Season 2, Episode 6
Original Air Date: October 31, 2017
Unlike most of the shows I’ve watched this Shocktober, I actually do have some familiarity with This Is Us, albeit for dumb reasons. Earlier this year, my YouTube algorithm started recommending I watch clips of the most emotional scenes from this series that ended in 2022 and I obliged the machine, as I am wont to do. Watched out of order and context, I saw enough to pick up the gist of the show and it’s characters. It’s a show about three siblings and their parents. My understanding is that every week, This Is Us would employ a technique now popularized by our diabolical criminal ex-president, “the weave,” to juxtapose pivotal moments in the lives of this family across decades. So, for example, you’ll see the siblings fight over something as kids and then support each other in the modern day, having learned some lesson from their great dad or whatever. Basically it is a well-oiled machine designed to make you cry. But does that actually make for good TV?
Again, I haven’t seen the show before, but it is my understanding that for it’s first season, the show mainly told present-day stories with flashbacks back to adolescence. Season two started adding in even more timelines, including before the kids were born, their teenage years, and even their more recent young adult years, which is where this episode gets its title. “The ’20s” is called that because it’s one of our first times (maybe the first?) that we see the big three (as the siblings are called) in their twenties. Specifically, this is Halloween 2008, which the show milks so much by having (presumably leftover) Obama ’08 campaign merch covering every scene. It’s actually something you don’t see a lot in Halloween media, the idea that Halloween is right before our presidential election, and certainly extremely relatable to all of us right now.

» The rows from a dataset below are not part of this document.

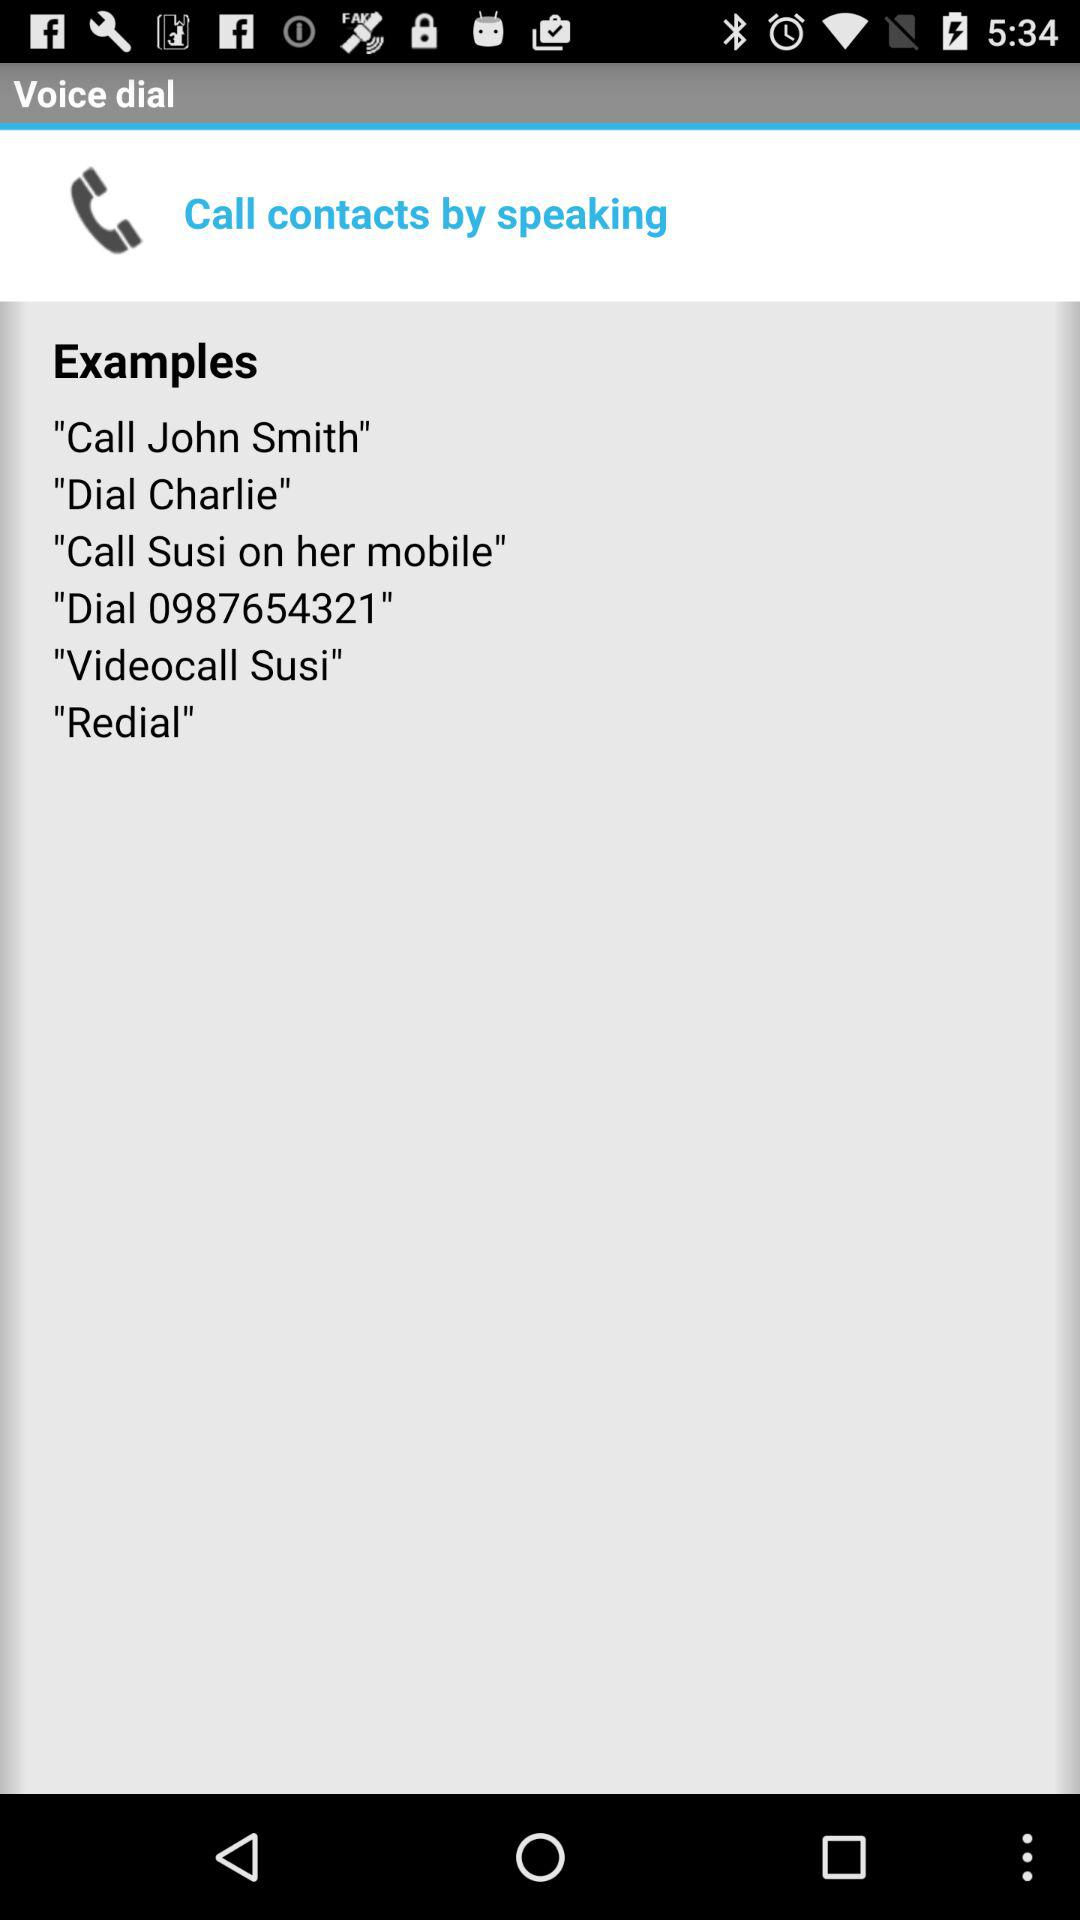What is the dial number? The dial number is 0987654321. 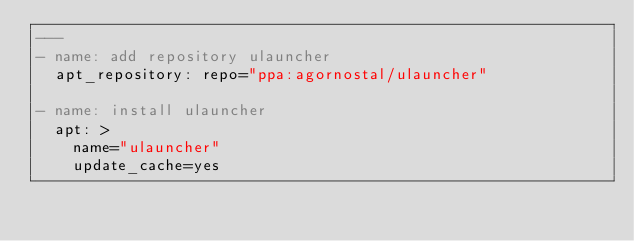<code> <loc_0><loc_0><loc_500><loc_500><_YAML_>---
- name: add repository ulauncher
  apt_repository: repo="ppa:agornostal/ulauncher"

- name: install ulauncher
  apt: >
    name="ulauncher"
    update_cache=yes
</code> 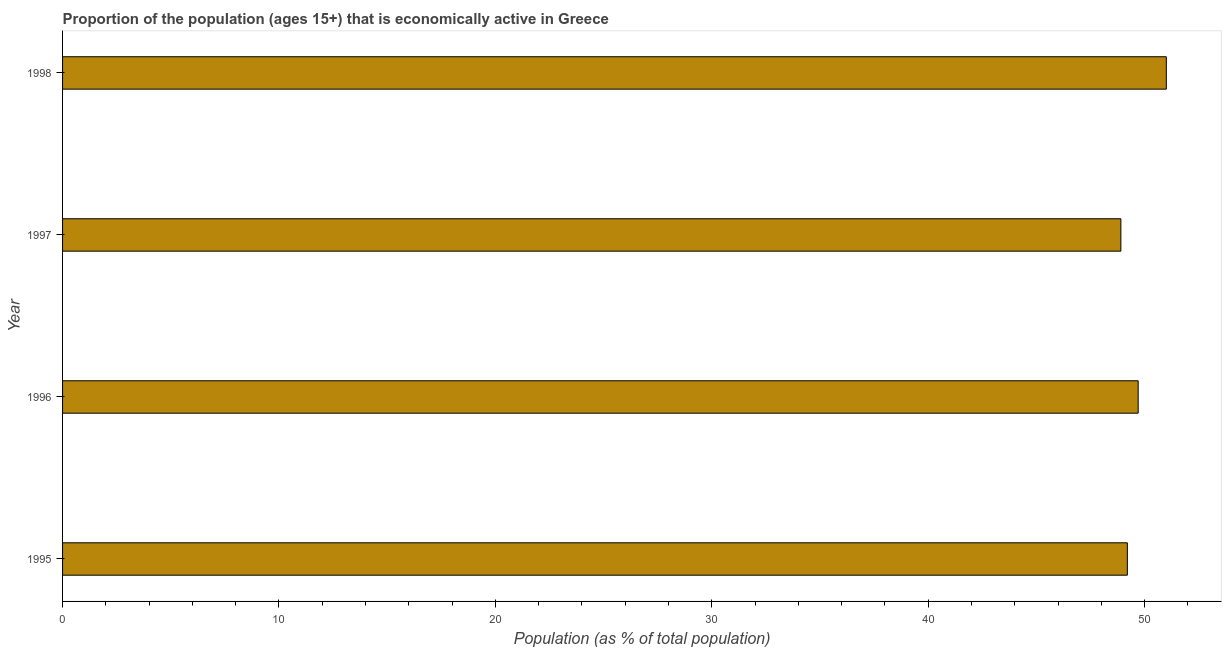Does the graph contain any zero values?
Keep it short and to the point. No. What is the title of the graph?
Offer a very short reply. Proportion of the population (ages 15+) that is economically active in Greece. What is the label or title of the X-axis?
Your answer should be very brief. Population (as % of total population). What is the percentage of economically active population in 1998?
Provide a short and direct response. 51. Across all years, what is the maximum percentage of economically active population?
Give a very brief answer. 51. Across all years, what is the minimum percentage of economically active population?
Your answer should be compact. 48.9. In which year was the percentage of economically active population maximum?
Your answer should be very brief. 1998. In which year was the percentage of economically active population minimum?
Provide a short and direct response. 1997. What is the sum of the percentage of economically active population?
Offer a very short reply. 198.8. What is the difference between the percentage of economically active population in 1995 and 1996?
Provide a short and direct response. -0.5. What is the average percentage of economically active population per year?
Your answer should be compact. 49.7. What is the median percentage of economically active population?
Provide a short and direct response. 49.45. In how many years, is the percentage of economically active population greater than 14 %?
Ensure brevity in your answer.  4. What is the ratio of the percentage of economically active population in 1996 to that in 1998?
Offer a very short reply. 0.97. Is the percentage of economically active population in 1995 less than that in 1997?
Give a very brief answer. No. What is the difference between the highest and the second highest percentage of economically active population?
Give a very brief answer. 1.3. How many bars are there?
Your answer should be very brief. 4. Are all the bars in the graph horizontal?
Give a very brief answer. Yes. What is the difference between two consecutive major ticks on the X-axis?
Give a very brief answer. 10. What is the Population (as % of total population) in 1995?
Your answer should be very brief. 49.2. What is the Population (as % of total population) in 1996?
Offer a very short reply. 49.7. What is the Population (as % of total population) in 1997?
Offer a very short reply. 48.9. What is the Population (as % of total population) of 1998?
Offer a very short reply. 51. What is the difference between the Population (as % of total population) in 1995 and 1996?
Provide a short and direct response. -0.5. What is the difference between the Population (as % of total population) in 1996 and 1997?
Make the answer very short. 0.8. What is the ratio of the Population (as % of total population) in 1996 to that in 1998?
Offer a very short reply. 0.97. What is the ratio of the Population (as % of total population) in 1997 to that in 1998?
Offer a very short reply. 0.96. 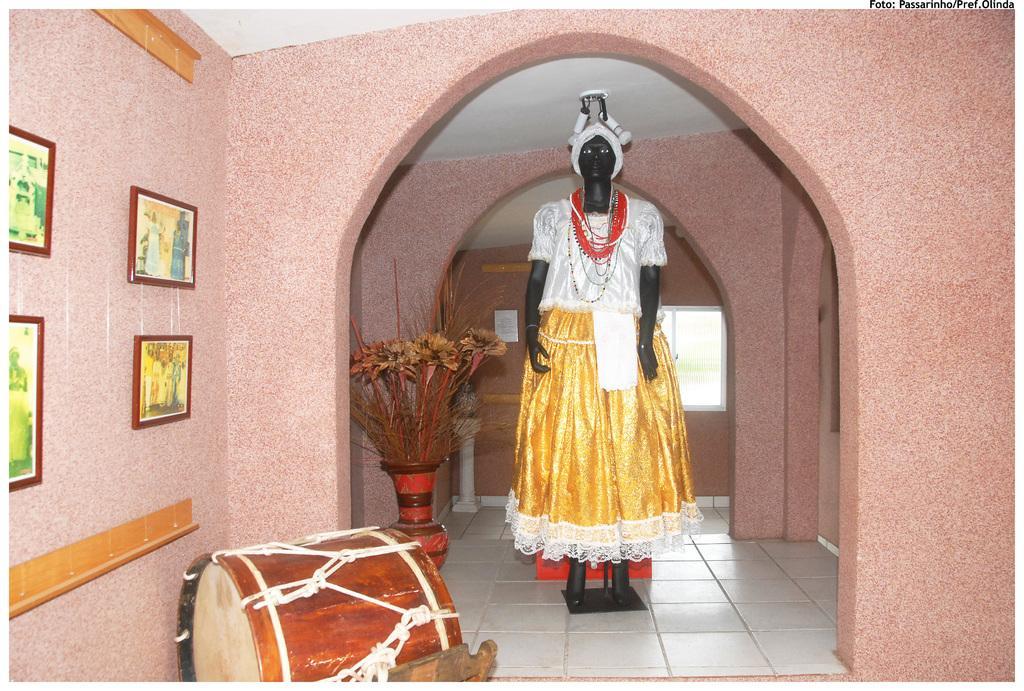Please provide a concise description of this image. In this image i can see a doll standing at the left there are few frames attached to a wall, at the back ground there is a flower pot.

So here’s the thing, Mandy Moore, who by the way is I think the youngest member of the main cast, plays a bunch of ages in the show pretty convincingly. The makeup looks good, her mannerisms are definitely different, the plotline where she signs up for Facebook in this episode is perfectly cringey for a middle-aged woman in 2008. What’s harder to buy are the big three playing maybe 10 years younger than they actually are. Sterling K. Brown, Chrissy Metz, and Justin Hartley all feel like people in their late-thirties dressing up as people in their mid-twenties, which is maybe appropriate for a Halloween episode. But I just found it jarring to see this extremely adult-looking people making childish mistakes. Maybe I shouldn’t complain, I guess I should commend the cast for being game enough to even try this.
I get the impression the show recognized that Sterling K. Brown is destined to be a huge star, because he’s given so much more to do here too. In the childhood story, it’s Halloween and the kids each have an agenda but none more than Randall (Lonnie Chavis/Sterling K. Brown) who has a very specific map and schedule all planned out. His siblings don’t think that’s fun so they end up splitting up, with Randall being accompanied by his mom, Rebecca (Mandy Moore). Rebecca is concerned that Randall is maybe on the spectrum, so she pushes him to deviate from his map but this backfires when the neighbors she encourages him to trick or treat from reveal to Randall that him and his siblings had another brother who died at birth. So Rebecca has to explain the big lore to Randall before she planned on it (although I’m sure this is well known to the audience by this point), that she gave birth to triplets and one died and Randall had been born that same night so they adopted him. He takes it well, but adult Randall is freaking out on Halloween 2008 because his first daughter is about to be born.
Randall vents his anxiety into trying to install a ceiling fan in the nursery but can’t get it to work. His frustration scares his wife, Beth (Susan Kelechi Watson), who vents her own concerns to Rebecca and is overheard by Randall. He goes to a hardware store to buy a new fan and meets a magical employee who gives him the sage advice he needed to hear and recommends a different fan, but at exactly that moment Beth goes into labor. Randall makes it home in time to coach Beth through delivering their baby in the kitchen and later finds the ceiling fan flyer the employee gave him and they decide to name their daughter after it: Tess. Meanwhile the other two siblings are just big fuck ups: Kate (Chrissy Metz) sleeps with a married man because she’s depressed and Kevin (Justin Hartley) destroys a friendship when he tries to go behind an actor friend’s back to try to steal a role at a party Kevin only got to go to because that friend invited him. It all leads to a hammy monologue where Rebecca gives a speech across time and space, introducing herself to the newborn Randall and newborn Tess. I didn’t cry but I felt like I was supposed to.
This Is Us is a lot. It’s a sophisticated concept that demands the audience pay attention, so I respect it for that. But also it is trying so, so hard to tug at your heartstrings. I didn’t even mentioned the plot with the dad and Kate and Kevin, where Kevin trades his candy so a boy Kate has a crush on will hold her hand and the dad silently watches and beams with pride. I genuinely wonder if the show has any other mode besides melodrama? It made for a long 42 minutes on Hulu. And yet I’m still intrigued. Maybe I should start from the beginning like you’re supposed to? It’s a bold strategy, Cotton. Let’s see if it pays off.